## EXERCISE GOAL
All lines from the opening of the data to the line containing "24 | 9 | mug |" must be returned unchanged, and only those lines.

## DATA SHOWN
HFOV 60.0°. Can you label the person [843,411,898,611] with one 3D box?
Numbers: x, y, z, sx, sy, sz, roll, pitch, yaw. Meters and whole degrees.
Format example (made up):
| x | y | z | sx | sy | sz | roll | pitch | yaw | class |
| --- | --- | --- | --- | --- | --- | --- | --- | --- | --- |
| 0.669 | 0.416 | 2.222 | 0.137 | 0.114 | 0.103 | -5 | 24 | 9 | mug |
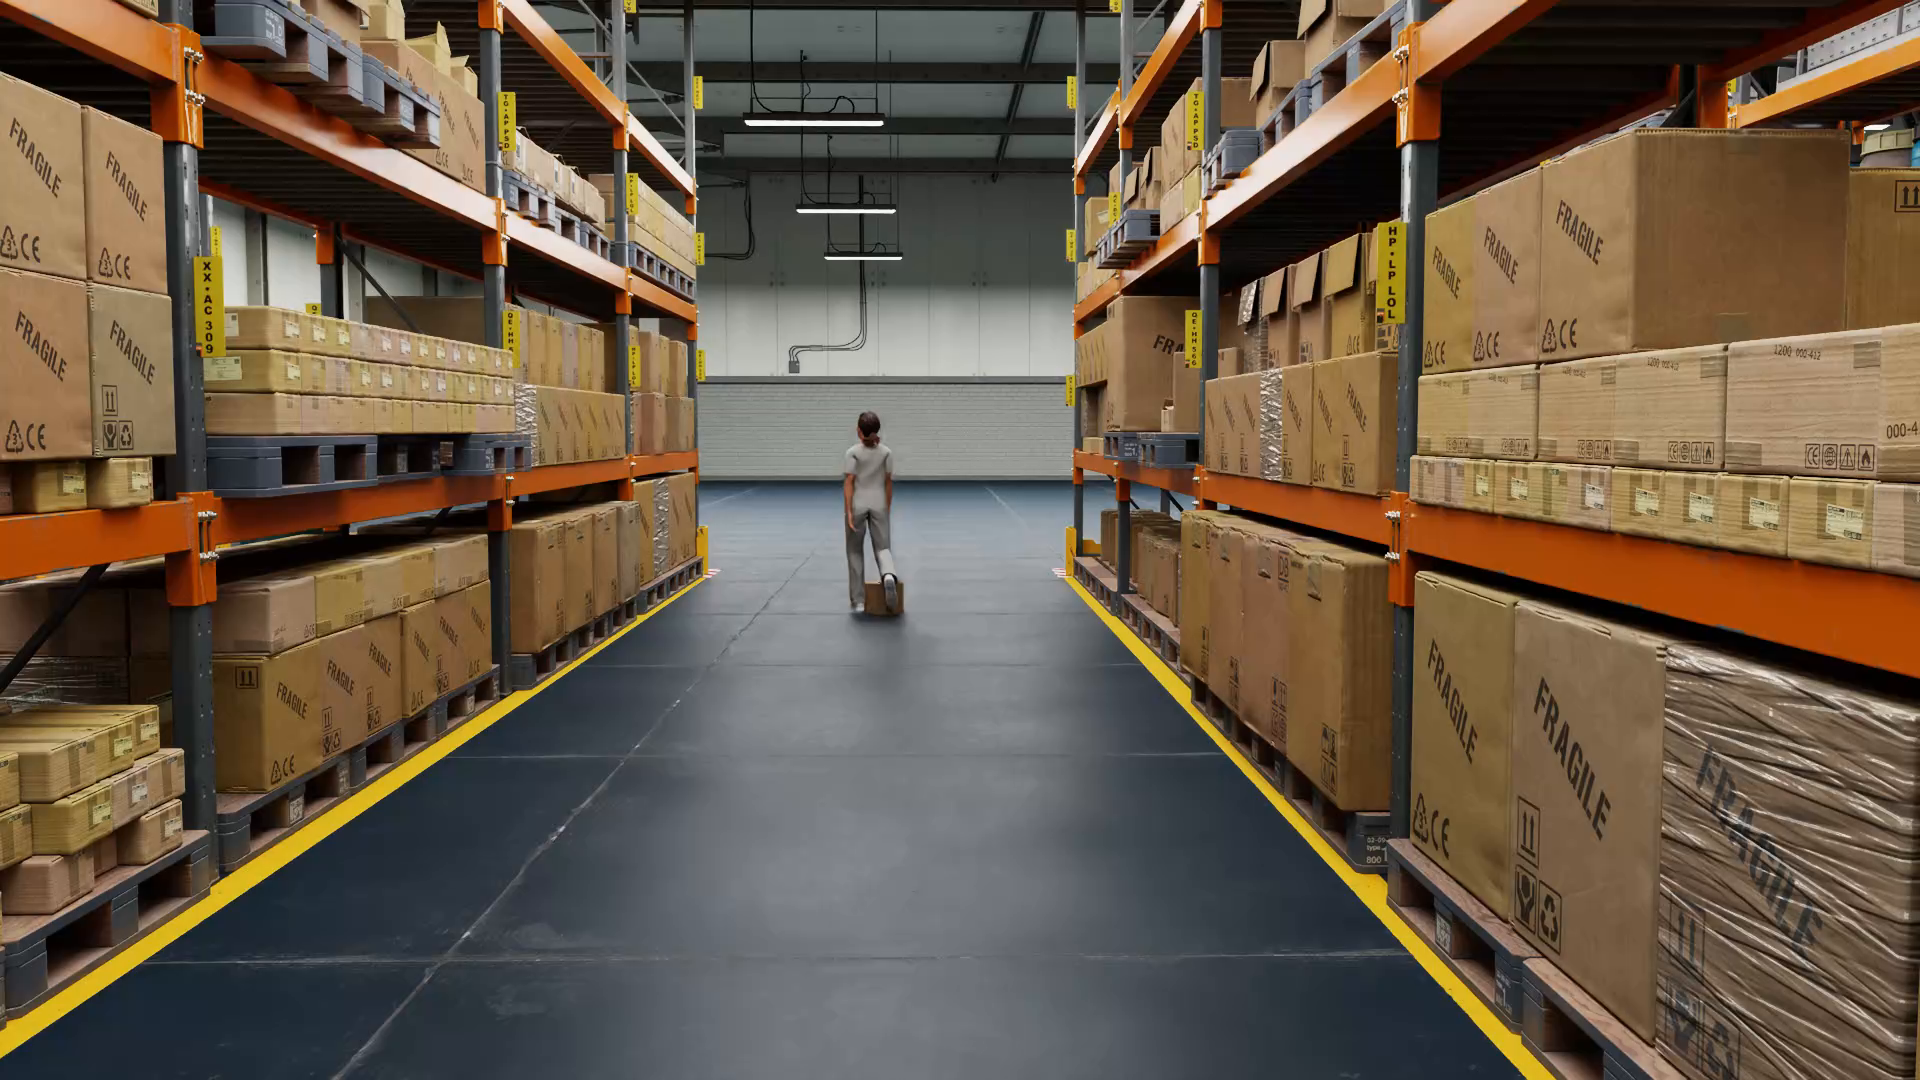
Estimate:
| x | y | z | sx | sy | sz | roll | pitch | yaw | class |
| --- | --- | --- | --- | --- | --- | --- | --- | --- | --- |
| -0.745 | -0.226 | 13.603 | 0.432 | 1.649 | 0.748 | -1 | 4 | -14 | person |

## OUTPUT BELOW
HFOV 60.0°. Can you label the person [843,411,898,611] with one 3D box?
Numbers: x, y, z, sx, sy, sz, roll, pitch, yaw. Meters and whole degrees.
Format example (made up):
| x | y | z | sx | sy | sz | roll | pitch | yaw | class |
| --- | --- | --- | --- | --- | --- | --- | --- | --- | --- |
| 0.669 | 0.416 | 2.222 | 0.137 | 0.114 | 0.103 | -5 | 24 | 9 | mug |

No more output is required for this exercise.